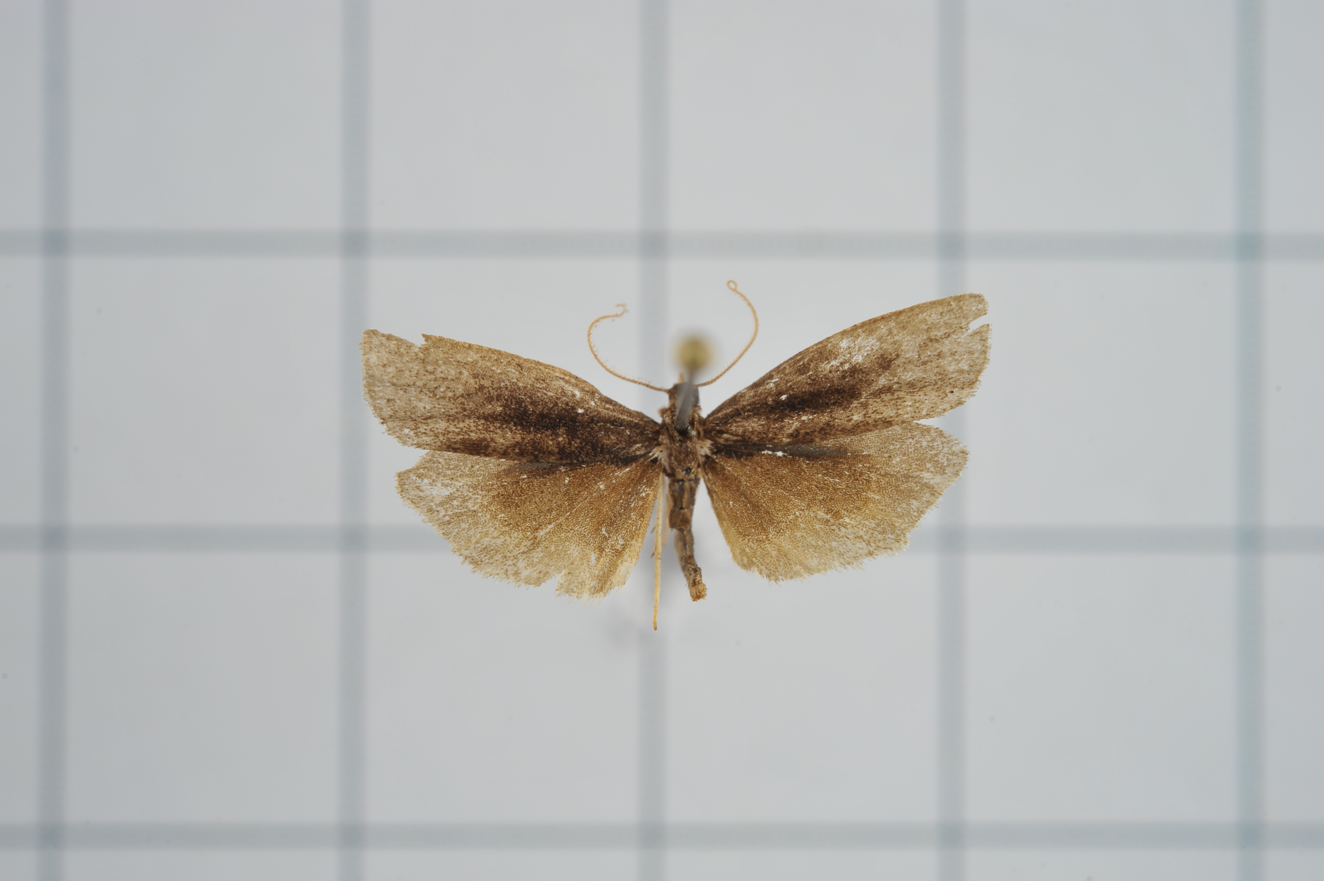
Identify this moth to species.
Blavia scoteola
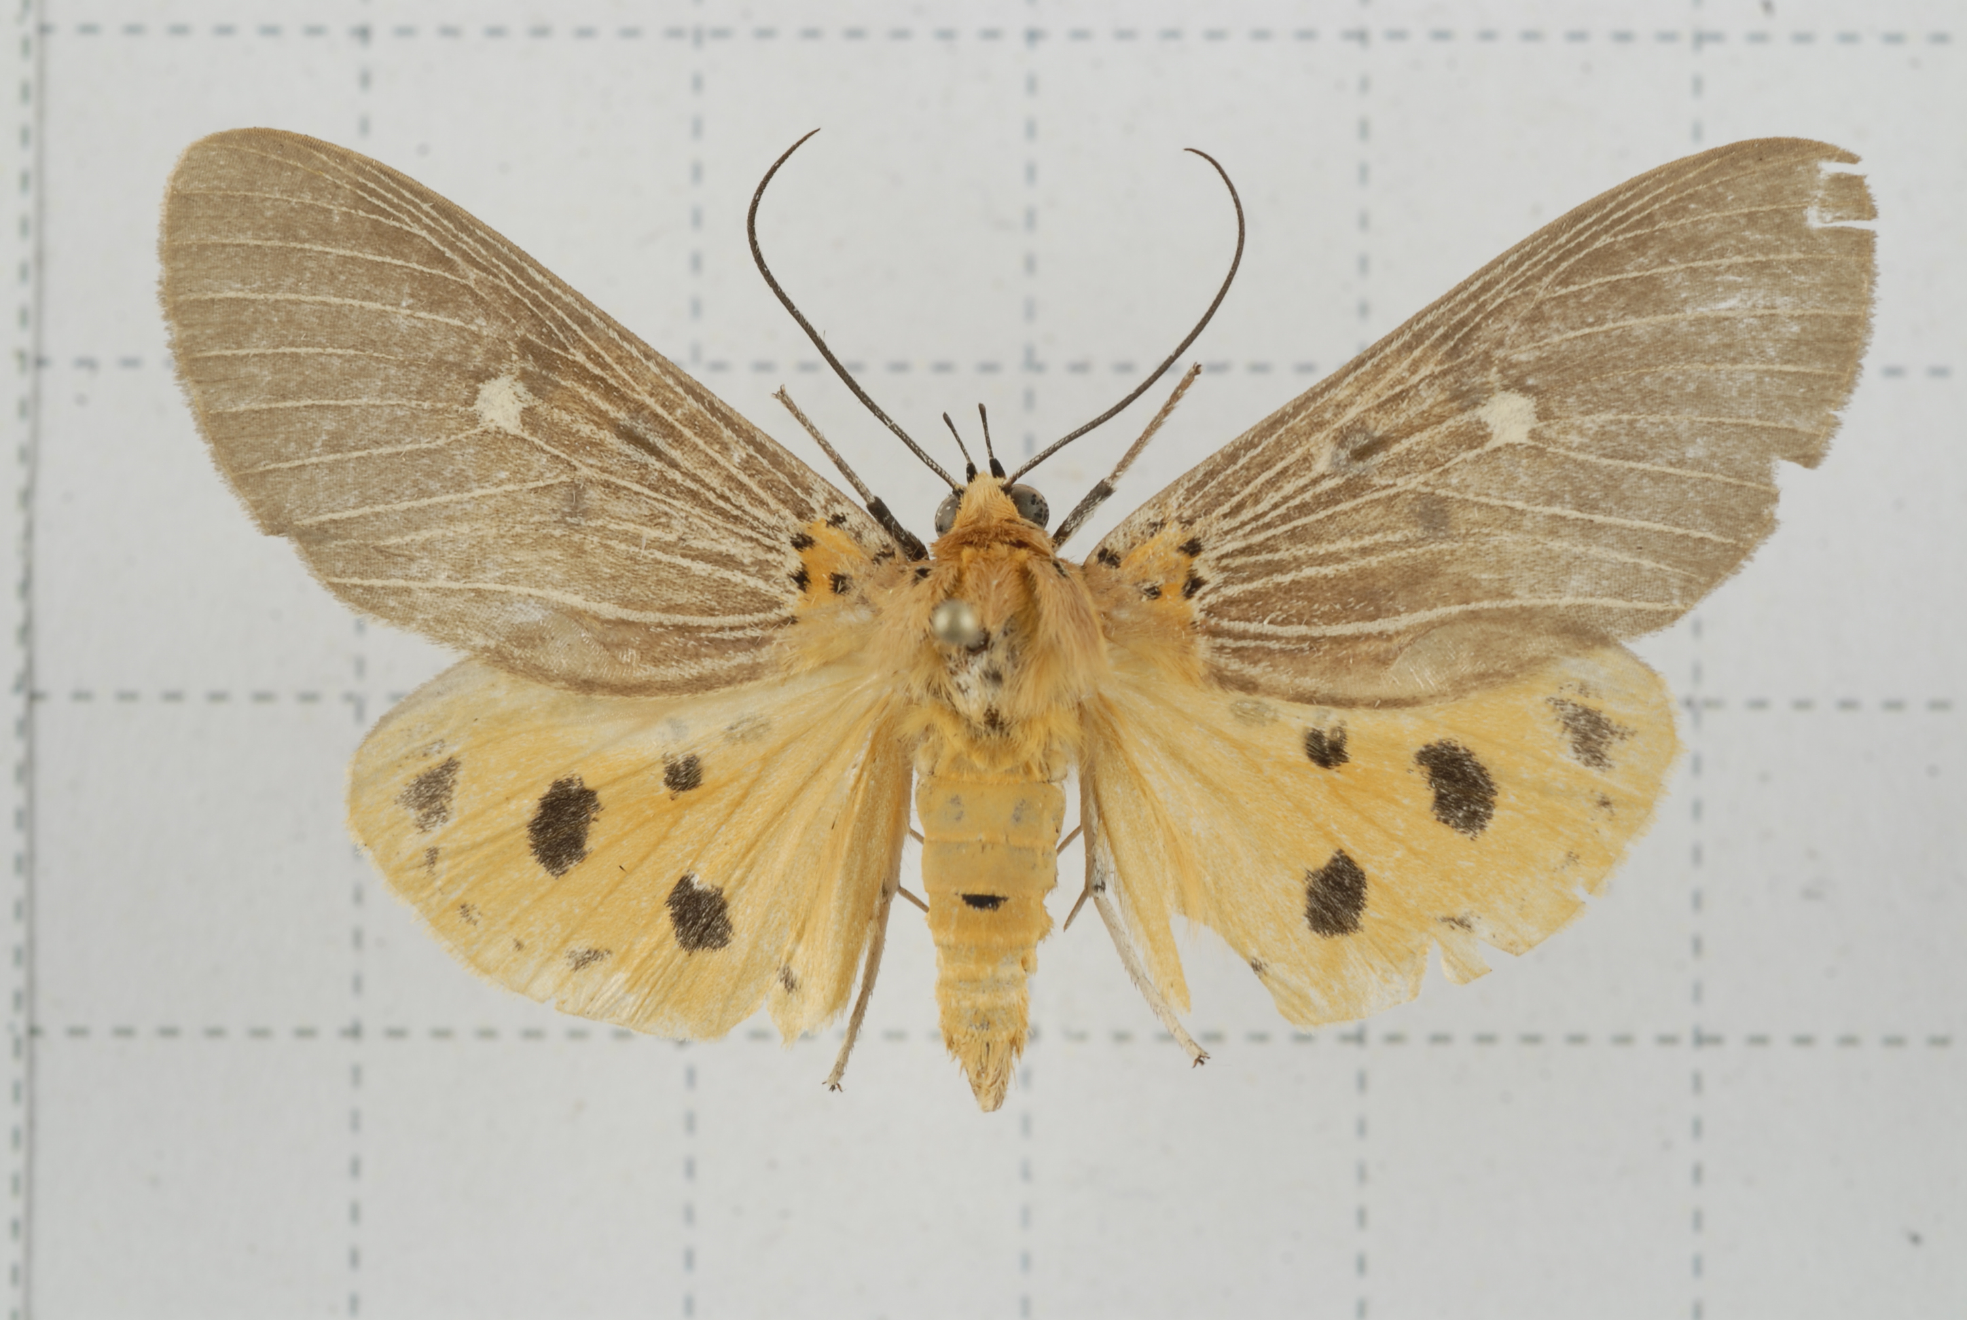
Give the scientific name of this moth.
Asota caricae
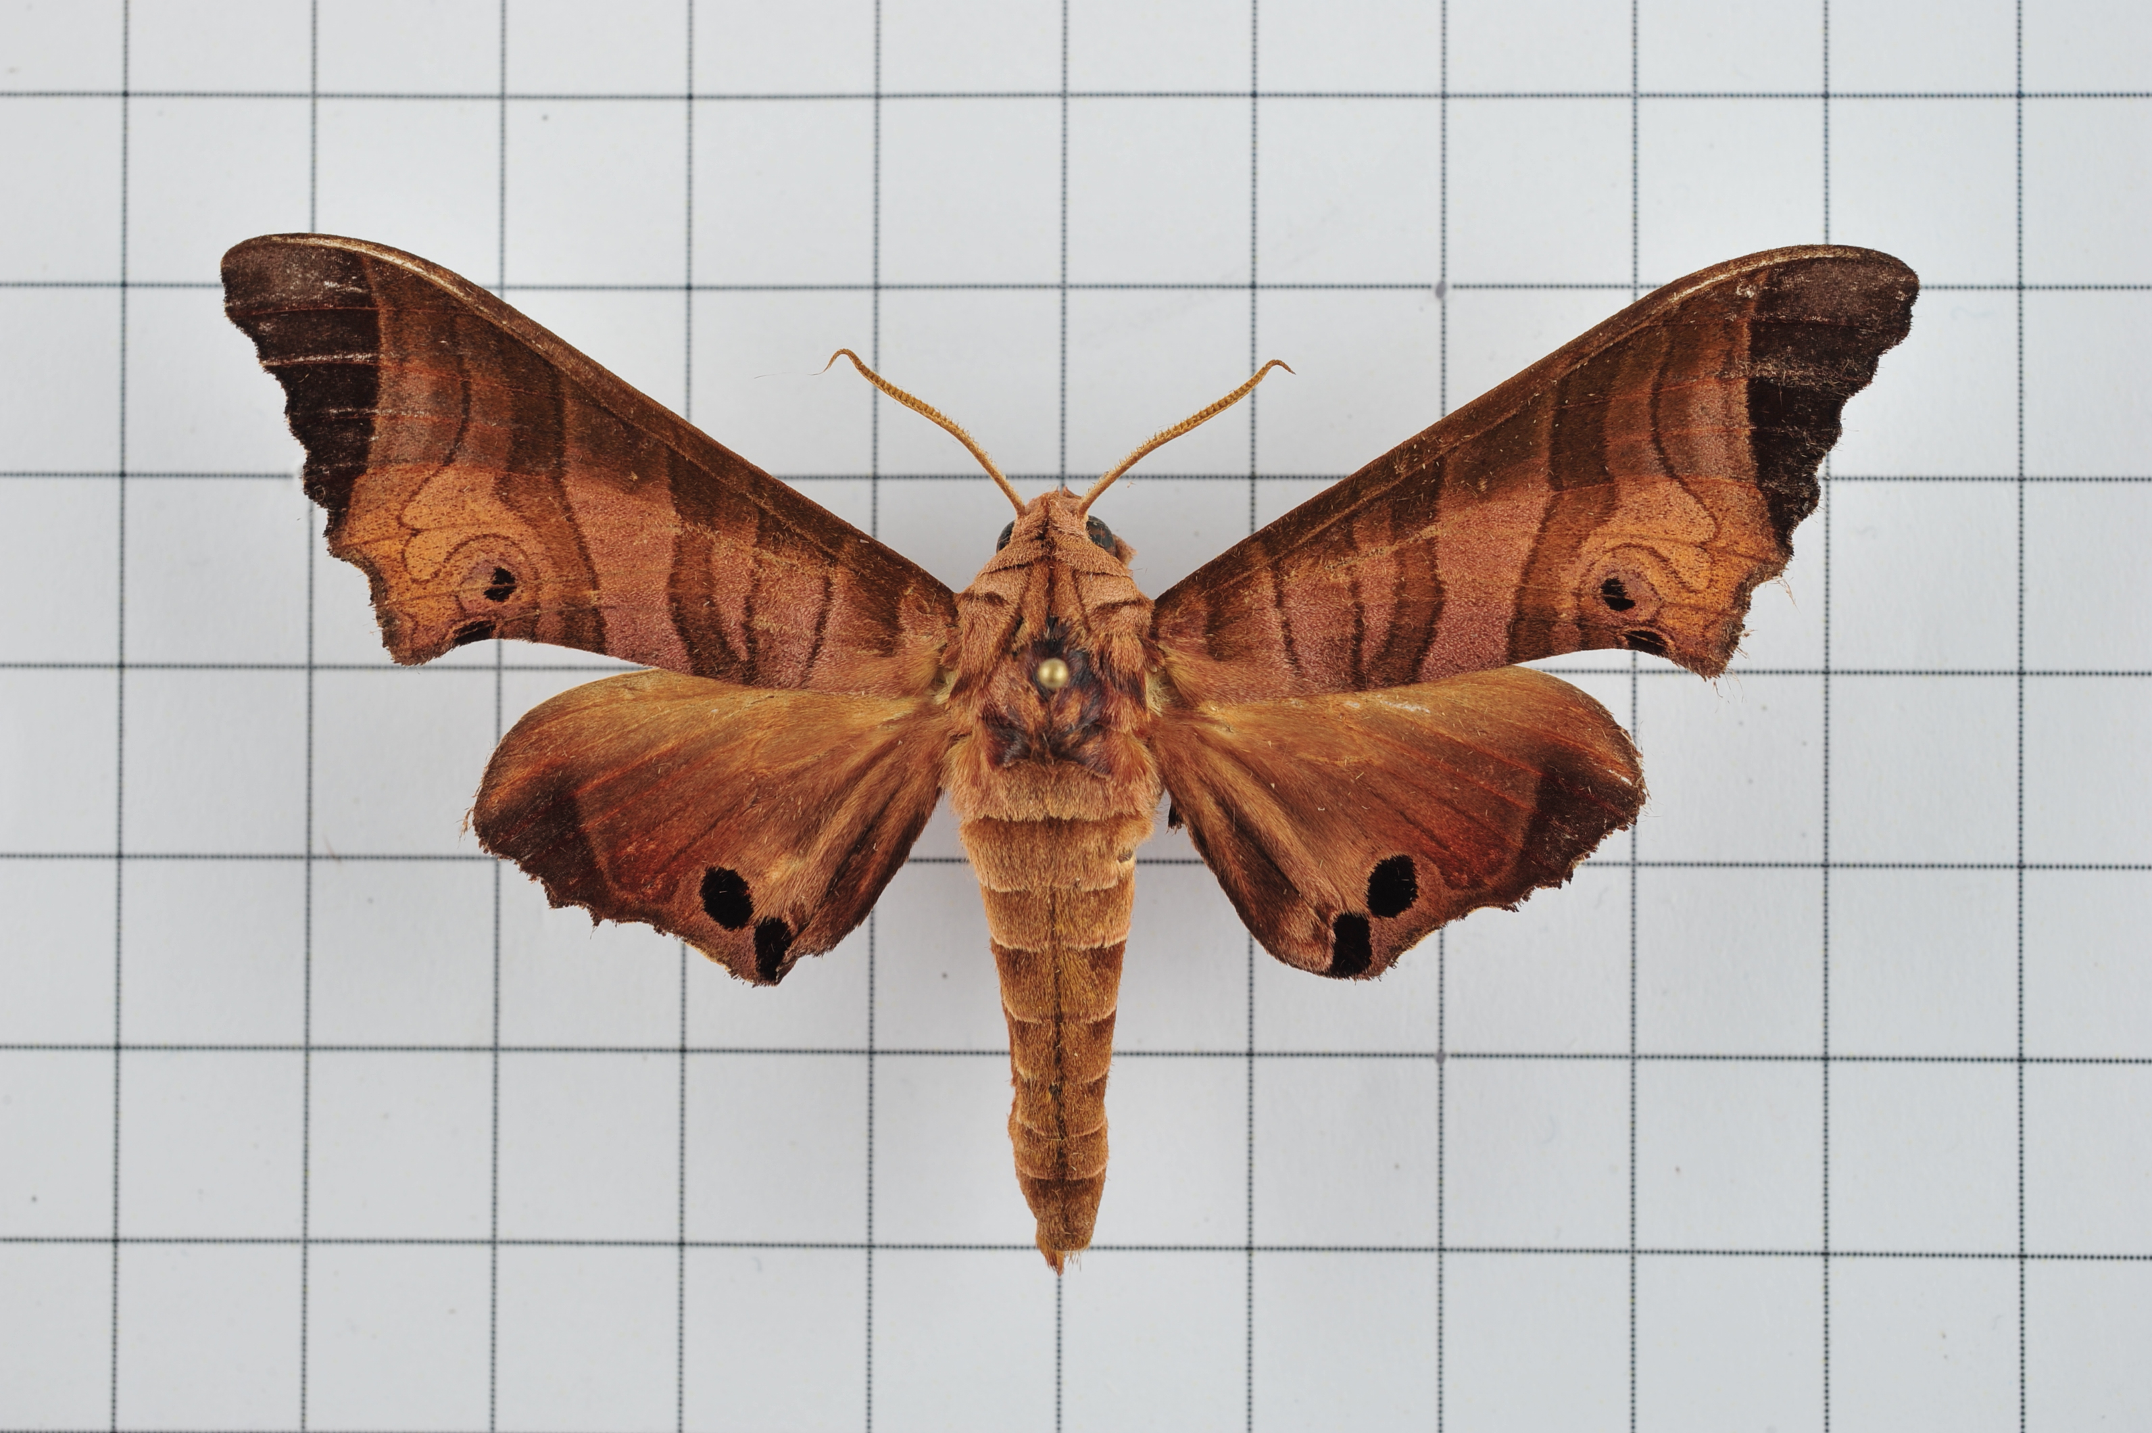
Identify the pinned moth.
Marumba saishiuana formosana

Prompt: Transcribe all of the entries word for word, but skip any pictures they contain.

Written reply:
Identify this moth to species.
Blavia scoteola
Give the scientific name of this moth.
Asota caricae
Identify the pinned moth.
Marumba saishiuana formosana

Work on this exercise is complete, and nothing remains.